The Subsidiary—Matias Celedon (August 30, Melville House)
In the subsidiary offices of a major corporation, the power suddenly goes out: the lights switch off; the doors lock; the phone lines go dead. The employees are trapped in total darkness with only cryptic, intermittent announcements over the loud speaker, instructing all personnel to remain at their work stations until further notice. Terrified, one lone worker uses the implements on his desk to give testimony to the horrors that occur during the days he spends trapped in the building, testimony told exclusively—and hauntingly—through the stamps he uses to mark corporate documents. Hand-designed by the author with a stamp set he bought in an bookstore in Santiago, Matías Celedón’s The Subsidiary is both an exquisite object and a chilling avant-garde tale from one of Chile’s rising literary stars.

Curioddity—Paul Jenkins (August 30, St. Martin’s Press)
Will Morgan is a creature of habit—a low-budget insurance detective who walks to and from work with the flow of one-way traffic, and for whom imagination is a thing of the distant past. When a job opportunity enters the frame in the form of the mysterious Mr. Dinsdale—curator of the ever so slightly less-than-impressive Curioddity Museum—Will reluctantly accepts the task of finding a missing box of levity (the opposite of gravity). What he soon learns, however, is that there is another world out there—a world of magic we can only see by learning to un-look at things—and in this world there are people who want to close the Curioddity museum down. With the help of his eccentric new girlfriend Lucy, Will will do everything he can to deliver on his promise to help Mr. Dinsdale keep the Curioddity Museum in business.
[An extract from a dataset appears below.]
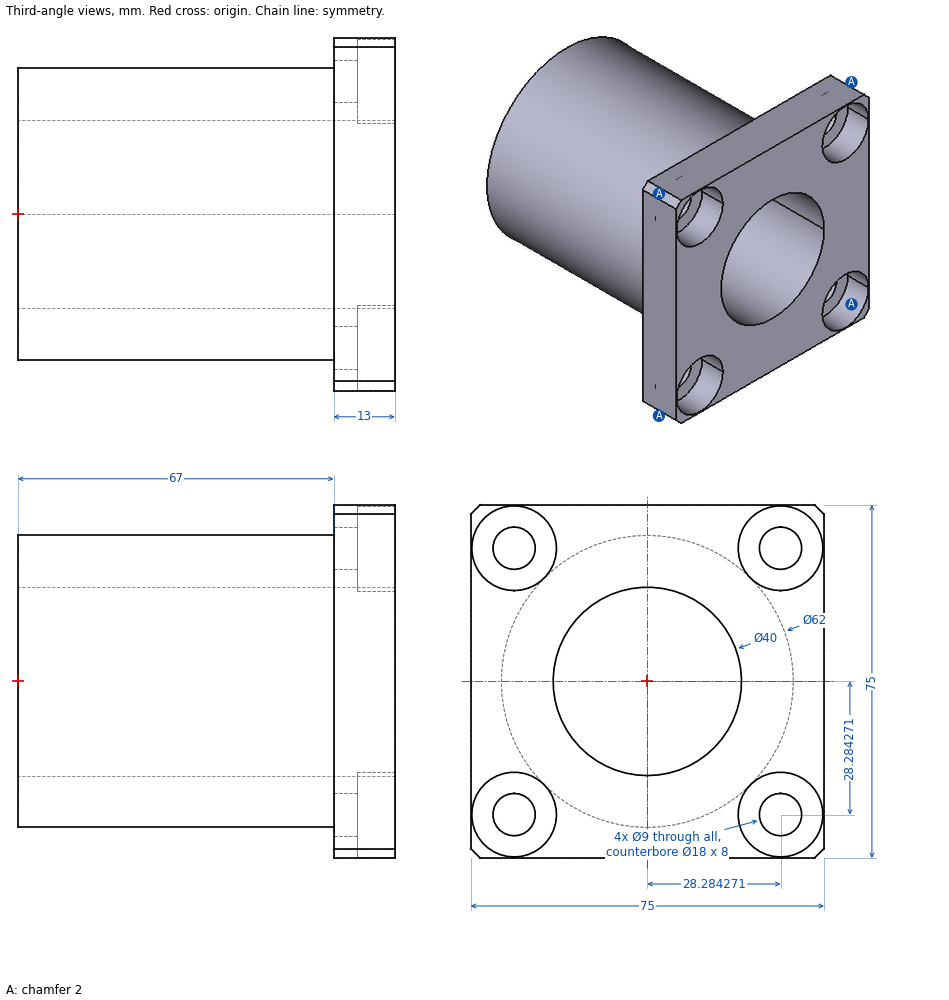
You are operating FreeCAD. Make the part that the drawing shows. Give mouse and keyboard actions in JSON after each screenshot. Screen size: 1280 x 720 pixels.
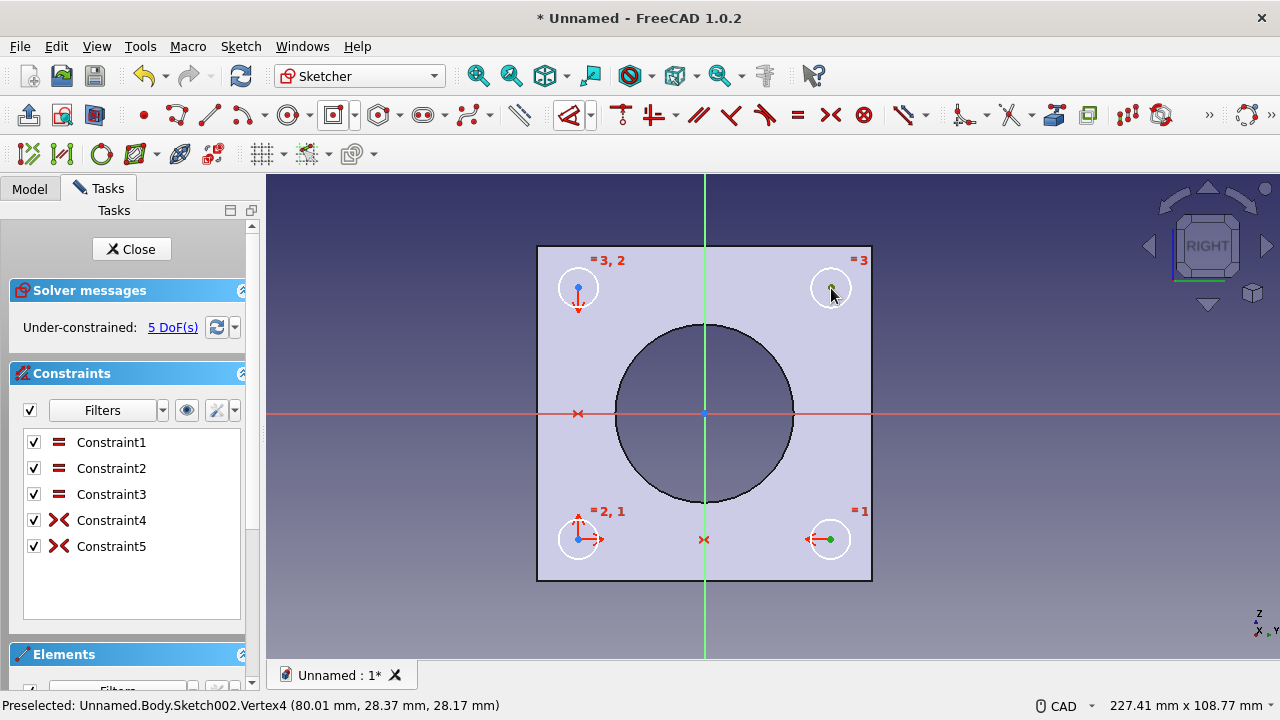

Scary Out ThereJonathan Maberry, editor (August 30, Simon & Schuster Books for Young Readers)
Young adult. Multiple Bram Stoker Award–winning author Jonathan Maberry compiles more than twenty stories and poems—written by members of the Horror Writers Association—in this terrifying collection about worst fears. What scares you? Things that go bump in the night? Being irreversibly different? A brutal early death? The unknown? This collection contains stories and poetry by renowned writers such as R. L. Stine, Neal and Brendan Shusterman, and Ellen Hopkins—all members of the Horror Writers Association—about what they fear most. The stories include mermaids, ghosts, and personal demons, and are edited by Jonathan Maberry, multiple Bram Stoker award winner and author of the Rot & Ruin series.
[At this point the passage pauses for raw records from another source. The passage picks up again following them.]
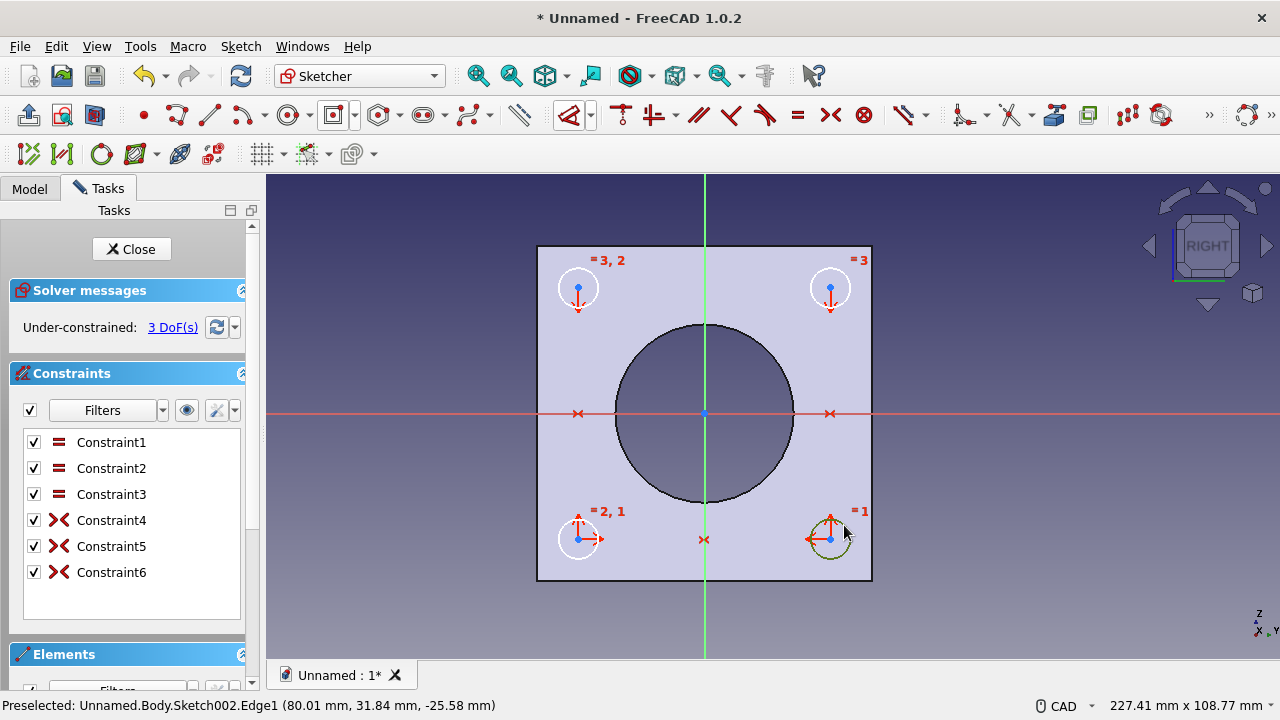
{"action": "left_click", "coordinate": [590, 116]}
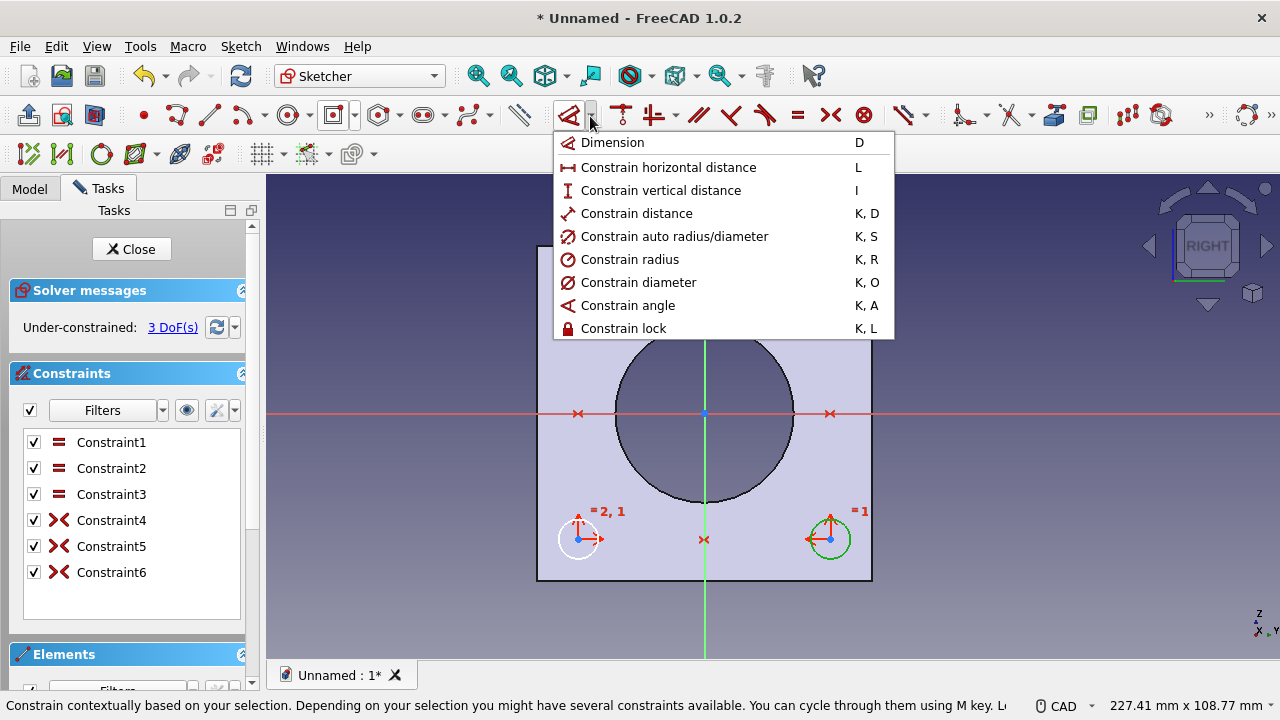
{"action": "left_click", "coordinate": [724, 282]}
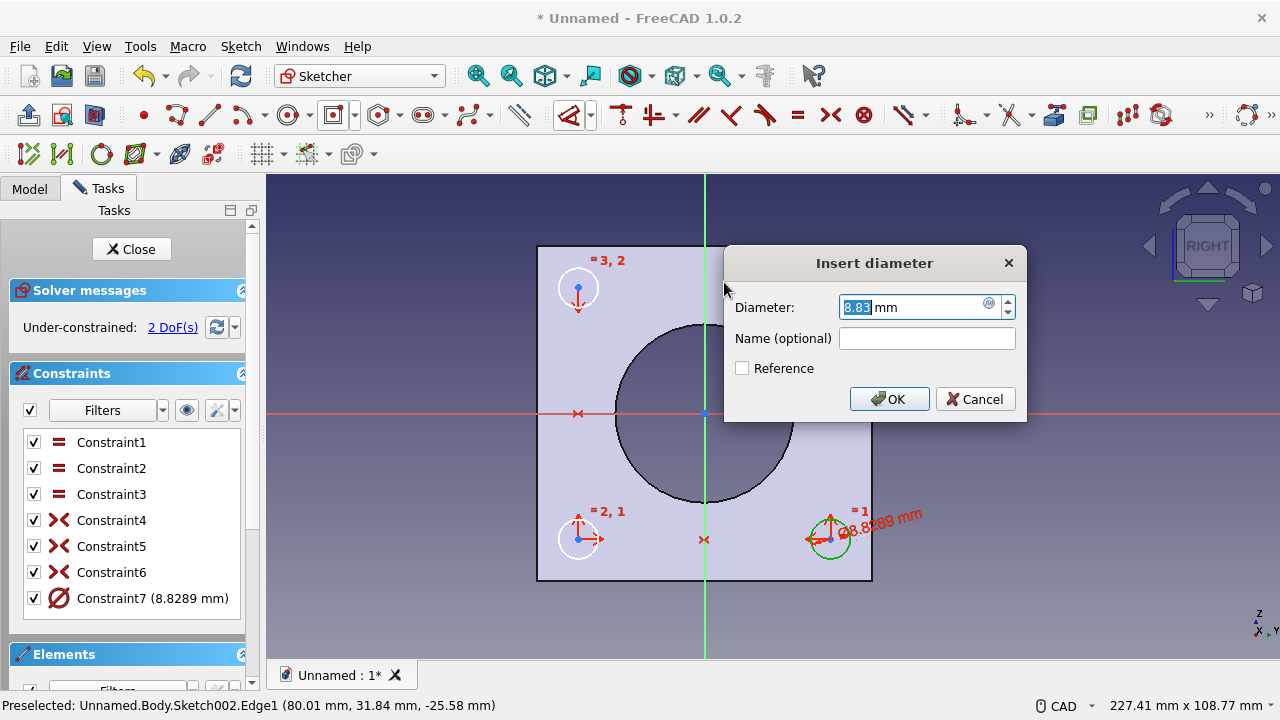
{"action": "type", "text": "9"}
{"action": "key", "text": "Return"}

Plunder of Gor (Gorean Saga #34)—John Norman (August 30, Open Road)
A mysterious package lies unclaimed somewhere in the great port of Brundisium, and it is rumored that its contents could determine the fate of a world. Whether or not that is true, one thing is certain: Men and beasts will kill to claim it. Meanwhile, a young woman, now merchandise, has been brought to the slave markets of Gor after displeasing a stranger in her secretarial job back on Earth. Unbeknownst to her, she holds the key to finding the elusive package—and changing the course of history forever. This adventure series—alternatively referred to by several names including the Chronicles of Counter-Earth or the Saga of Tarl Cabot—has earned a devoted following for its richly detailed world building, erotic themes, and mash-up of science fiction, fantasy, history, and philosophy.